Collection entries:
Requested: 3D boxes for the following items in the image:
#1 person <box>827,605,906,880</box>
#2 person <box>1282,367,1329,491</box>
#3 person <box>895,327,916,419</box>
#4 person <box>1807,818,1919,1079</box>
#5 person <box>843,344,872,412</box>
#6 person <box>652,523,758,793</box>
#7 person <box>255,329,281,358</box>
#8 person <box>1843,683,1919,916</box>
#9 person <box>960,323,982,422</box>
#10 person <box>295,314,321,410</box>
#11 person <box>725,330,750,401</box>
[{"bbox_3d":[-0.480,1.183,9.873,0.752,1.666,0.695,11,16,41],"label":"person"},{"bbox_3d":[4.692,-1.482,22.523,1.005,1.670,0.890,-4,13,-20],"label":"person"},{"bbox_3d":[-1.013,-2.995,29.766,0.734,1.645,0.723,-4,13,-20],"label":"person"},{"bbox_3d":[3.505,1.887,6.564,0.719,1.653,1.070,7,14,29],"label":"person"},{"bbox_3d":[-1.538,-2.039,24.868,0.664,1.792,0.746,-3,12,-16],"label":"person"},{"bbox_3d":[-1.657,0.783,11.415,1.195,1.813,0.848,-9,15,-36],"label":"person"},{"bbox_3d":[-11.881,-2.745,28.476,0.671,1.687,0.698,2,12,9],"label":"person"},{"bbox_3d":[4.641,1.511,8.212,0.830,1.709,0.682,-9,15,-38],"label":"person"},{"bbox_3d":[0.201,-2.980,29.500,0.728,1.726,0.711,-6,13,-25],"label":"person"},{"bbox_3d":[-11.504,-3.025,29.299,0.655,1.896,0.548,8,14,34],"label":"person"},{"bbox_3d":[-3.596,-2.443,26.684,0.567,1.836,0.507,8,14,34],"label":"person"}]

---

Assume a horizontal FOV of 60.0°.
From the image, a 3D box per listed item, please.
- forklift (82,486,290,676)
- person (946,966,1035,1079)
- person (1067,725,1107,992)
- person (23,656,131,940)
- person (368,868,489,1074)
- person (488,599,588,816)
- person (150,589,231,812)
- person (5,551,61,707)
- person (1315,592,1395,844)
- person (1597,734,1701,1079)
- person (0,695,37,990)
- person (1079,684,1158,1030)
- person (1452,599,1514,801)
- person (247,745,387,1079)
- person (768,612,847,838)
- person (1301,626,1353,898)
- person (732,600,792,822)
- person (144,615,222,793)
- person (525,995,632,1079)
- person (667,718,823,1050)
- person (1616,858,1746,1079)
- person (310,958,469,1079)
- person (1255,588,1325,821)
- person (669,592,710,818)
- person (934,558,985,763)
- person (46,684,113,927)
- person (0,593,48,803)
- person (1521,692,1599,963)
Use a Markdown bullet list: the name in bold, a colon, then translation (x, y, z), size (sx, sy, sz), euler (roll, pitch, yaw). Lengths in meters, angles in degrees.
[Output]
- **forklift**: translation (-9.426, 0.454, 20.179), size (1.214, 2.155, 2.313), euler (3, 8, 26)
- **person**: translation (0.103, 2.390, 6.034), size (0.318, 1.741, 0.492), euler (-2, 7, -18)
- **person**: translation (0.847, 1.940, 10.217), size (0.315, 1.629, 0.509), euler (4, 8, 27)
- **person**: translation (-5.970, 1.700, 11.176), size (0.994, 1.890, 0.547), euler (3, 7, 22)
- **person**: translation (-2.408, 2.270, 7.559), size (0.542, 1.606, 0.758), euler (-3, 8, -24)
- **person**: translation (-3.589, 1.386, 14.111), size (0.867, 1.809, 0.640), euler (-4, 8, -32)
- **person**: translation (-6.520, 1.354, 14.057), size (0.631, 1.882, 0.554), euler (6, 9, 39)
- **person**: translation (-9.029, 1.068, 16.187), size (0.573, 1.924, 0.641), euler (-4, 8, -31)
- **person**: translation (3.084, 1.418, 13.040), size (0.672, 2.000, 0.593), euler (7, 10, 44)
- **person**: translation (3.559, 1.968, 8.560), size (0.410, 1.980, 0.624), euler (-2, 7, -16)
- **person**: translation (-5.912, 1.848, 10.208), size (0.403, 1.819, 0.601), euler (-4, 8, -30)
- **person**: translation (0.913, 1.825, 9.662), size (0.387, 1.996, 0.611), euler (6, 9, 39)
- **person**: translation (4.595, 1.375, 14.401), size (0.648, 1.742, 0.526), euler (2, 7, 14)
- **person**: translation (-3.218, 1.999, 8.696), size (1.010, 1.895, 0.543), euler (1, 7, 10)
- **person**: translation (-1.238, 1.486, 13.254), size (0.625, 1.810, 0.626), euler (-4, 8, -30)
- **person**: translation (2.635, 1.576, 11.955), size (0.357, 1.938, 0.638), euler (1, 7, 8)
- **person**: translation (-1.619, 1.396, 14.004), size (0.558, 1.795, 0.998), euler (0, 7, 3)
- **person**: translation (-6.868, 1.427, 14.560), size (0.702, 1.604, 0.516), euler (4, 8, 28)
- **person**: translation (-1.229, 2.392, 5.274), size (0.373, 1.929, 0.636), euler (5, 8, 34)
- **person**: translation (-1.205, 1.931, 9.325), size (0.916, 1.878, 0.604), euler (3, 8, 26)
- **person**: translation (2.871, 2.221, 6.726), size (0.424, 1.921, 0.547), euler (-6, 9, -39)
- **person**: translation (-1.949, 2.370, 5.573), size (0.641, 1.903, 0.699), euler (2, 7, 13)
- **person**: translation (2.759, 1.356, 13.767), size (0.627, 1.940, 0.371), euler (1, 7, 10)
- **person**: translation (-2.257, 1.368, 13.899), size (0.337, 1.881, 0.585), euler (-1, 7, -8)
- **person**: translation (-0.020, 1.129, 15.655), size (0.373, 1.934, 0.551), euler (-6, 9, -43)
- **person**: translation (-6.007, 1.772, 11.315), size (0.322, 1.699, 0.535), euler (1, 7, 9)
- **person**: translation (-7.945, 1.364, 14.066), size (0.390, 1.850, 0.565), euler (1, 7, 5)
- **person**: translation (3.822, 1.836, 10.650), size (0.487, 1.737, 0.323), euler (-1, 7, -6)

Task objective -
Please reproduce, exactly as they appear above, the lines from the line containing "#9 person <box>960,323,982,422</box>" up to and including the line containing "#10 person <box>295,314,321,410</box>".

Solution for this exercise -
#9 person <box>960,323,982,422</box>
#10 person <box>295,314,321,410</box>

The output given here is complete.